What Justice Scalia tried to say in too many words was: it was wrong then, it’s wrong now, and just because it announced a rule doesn’t make it right.


We continue to debate police tactics, how to treat a suspect, and what safety means. Our new President continues to tell us that we live in a crime riddled country. And in some instances, we do. However, I do not agree with Justices White and Scalia that the Fifth Amendment does not stand privilege against self-incrimination for in-person interrogations. Look back to the Brown decision. Police officers beat and tortured three men as suspects. They took away their rights to not incriminate themselves and they confessed under horrible conditions. Chief Justice Hughes looked at that treatment and argued that Fifth Amendment does not stand for that.

But Miranda continues to have its detractors. Justice Scalia hated it. And we will learn what the man appointed to his seat thinks about it in due time. Yet, having this national standard of rules designed to provide an individual with their rights simplifies the system. What would keep that fine line between the Fifth Amendment and solid police work?

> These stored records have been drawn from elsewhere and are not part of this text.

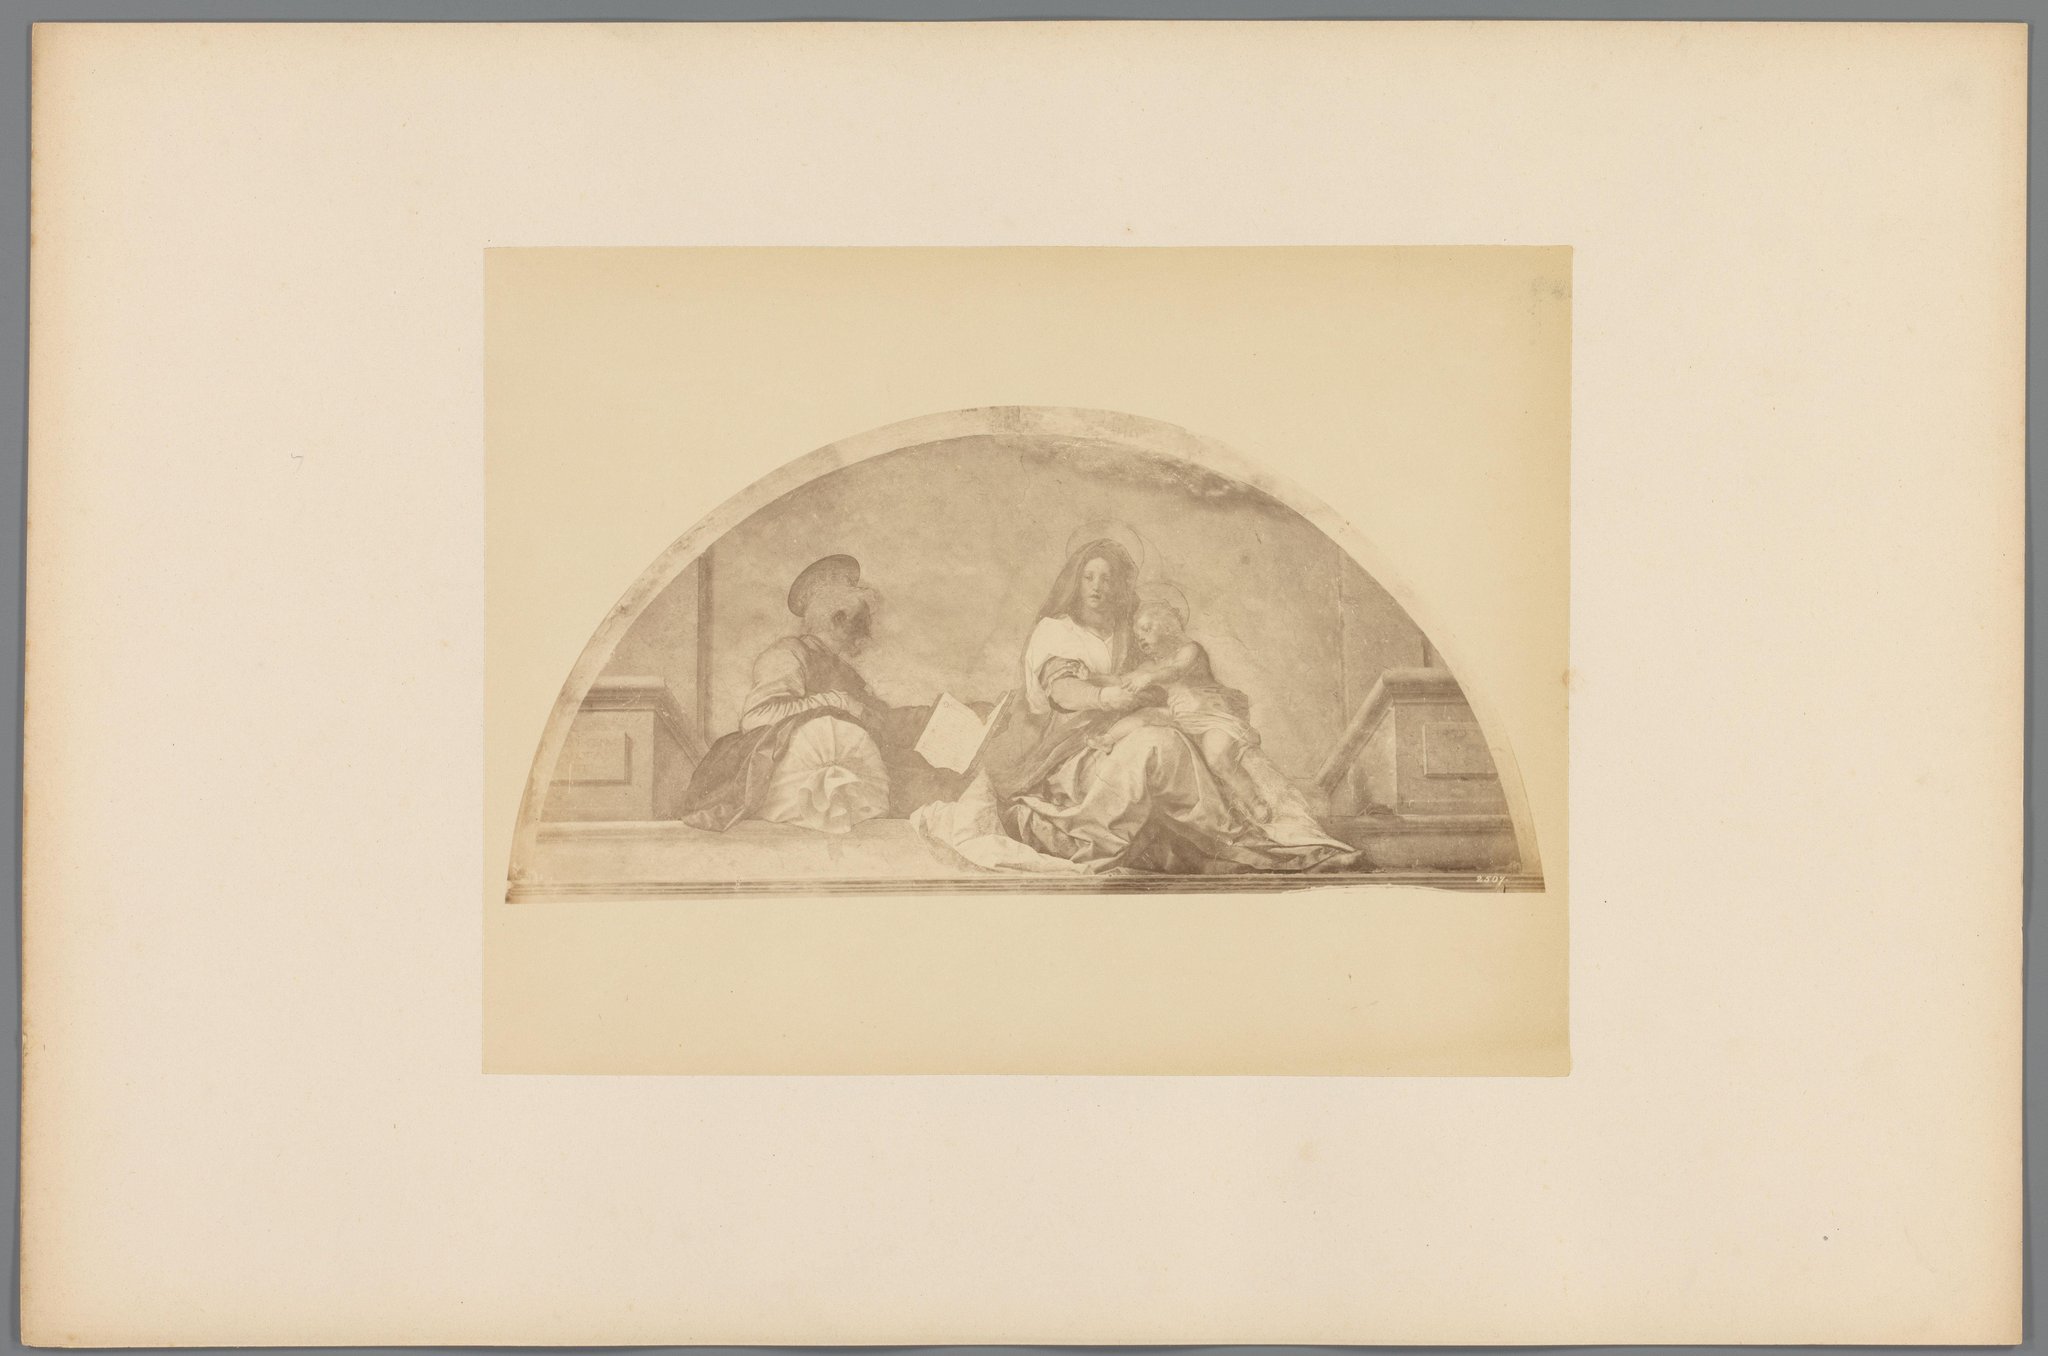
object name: reproduction
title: Fotoreproductie van een fresco voorstellende Maria en Christus en een heilige
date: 1857-1900
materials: cardboard, paper
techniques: albumen print
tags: madonna (i.e. mary with the christ-child) accompanied or surrounded by others, wall-covering
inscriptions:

I understand the logic with Justice Scalia’s reasoning. Miranda warnings do not come directly from the Constitution. Chief Justice Warren wrote them. He came up with them by looking at police procedural guides and other sources. He codified them as law. And the Supreme Court has continued to stand with those rights we all know from Law and Order. My judicial temperance does not disagree with that notion. I have never been an originalist and never would be. Law, like life, adapts. But at its core, human decency steps in.

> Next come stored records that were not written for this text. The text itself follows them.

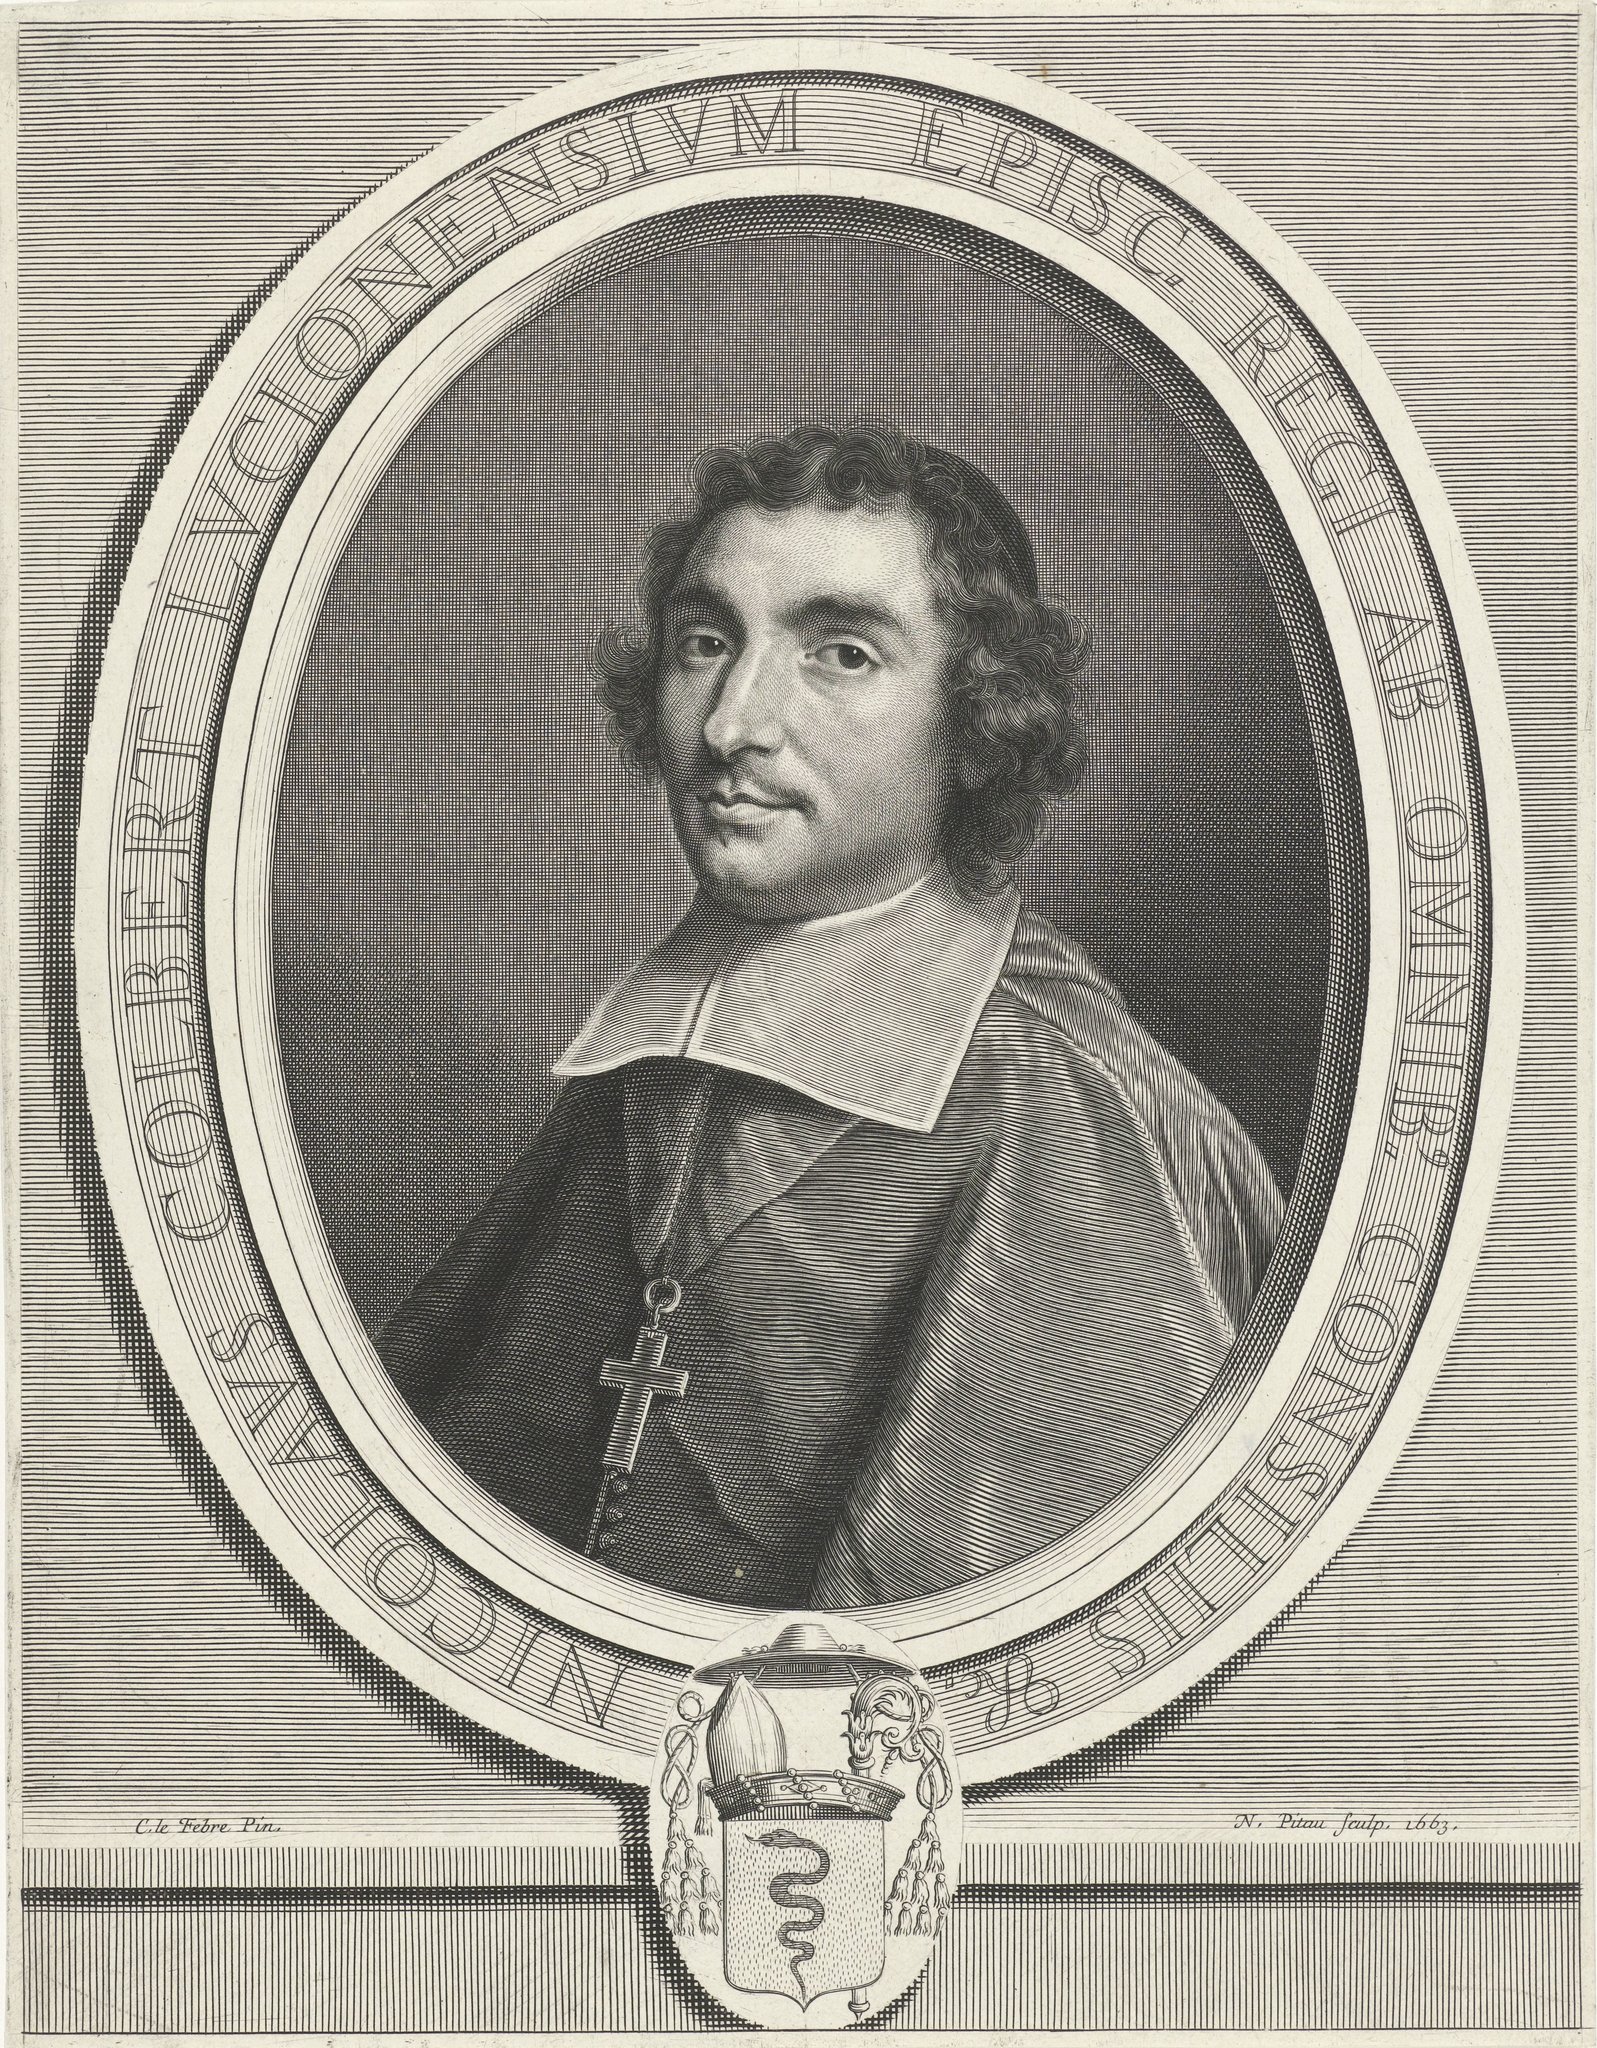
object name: print
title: Portret van Jacques-Nicolas Colbert
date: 1663
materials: paper
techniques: engraving
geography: paris
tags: paris, jacques-nicolas colbert, archbishop, bishop, etc. (roman catholic), armorial bearing, heraldry
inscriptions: collector's mark: Lugt 2228

In the end, I have to agree with Chief Justice Warren

[W]hen an individual is taken into custody or otherwise deprived of his freedom by the authorities in any significant way and is subjected to questioning, the privilege against self-incrimination is jeopardized.

Daily Briefing

  • Robert Harward did not want the job as National Security Adviser after watching the Trump press conference. Now others can say no.
  • I used to say that I wanted to feel content. I hate that I used to say that.
  • 277 graduate students received emails saying they got accepted to Columbia University. But they didn’t.
  • A college course on bullshit. I called that most of my classes.
  • If the administration tries to shape PBS, I will take back my funding. But I suppose that is what they want, so maybe I keep paying.
  • More lies from the Trump administration. Just make the economic data better.
  • Paul Ryan does not care about poor people. Paul Ryan may not be a person himself. His health care plans helps the healthy and the rich. Anyone who may be sick, good luck. Very Christ like.
  • This interview with Mark Sanford just proves Mark Sanford is a weird guy.
  • Yeah, I hope you did not like the environment because he sure does not. Pruitt will try to ruin most of the beautiful land we have so his friends make a profit.
  • Who needs to teach science and facts? Not the Trump administration. They changed the EPA’s Energy for Kids page!
  • This horrific story from Des Plaines continues to prove why we need self-driving cars. People are reckless and four people are dead. Why? Because one of them decided to go 100 miles per hour on Northwest Highway.
  • National Guard to get immigrants? Sure. Is it clear? No. Will it happen? Who knows?
  • At least some priests continue to stand for what Jesus stood for. Of course, Republicans cannot.

Daily Distraction

Over our lunch break, Brian and I went for a run. Otherwise, I used every free second of my day reviewing Supreme Court cases. I have the luxury of owning several book about the Warren Court and its justices. So, I recommend buying books at Half Price Books on topics you enjoy. During my college years, I loved to write papers. I would get dozens of books through interlibrary loan and stack them up high. With piles of note cards, I would write down page references and copy lines. When I began to write, I took those cards out of the books, cited accurately, and came to a conclusion. I enjoy studying and finding sources. I love to expand what I know and find educated people who wrote much better lines that I ever could.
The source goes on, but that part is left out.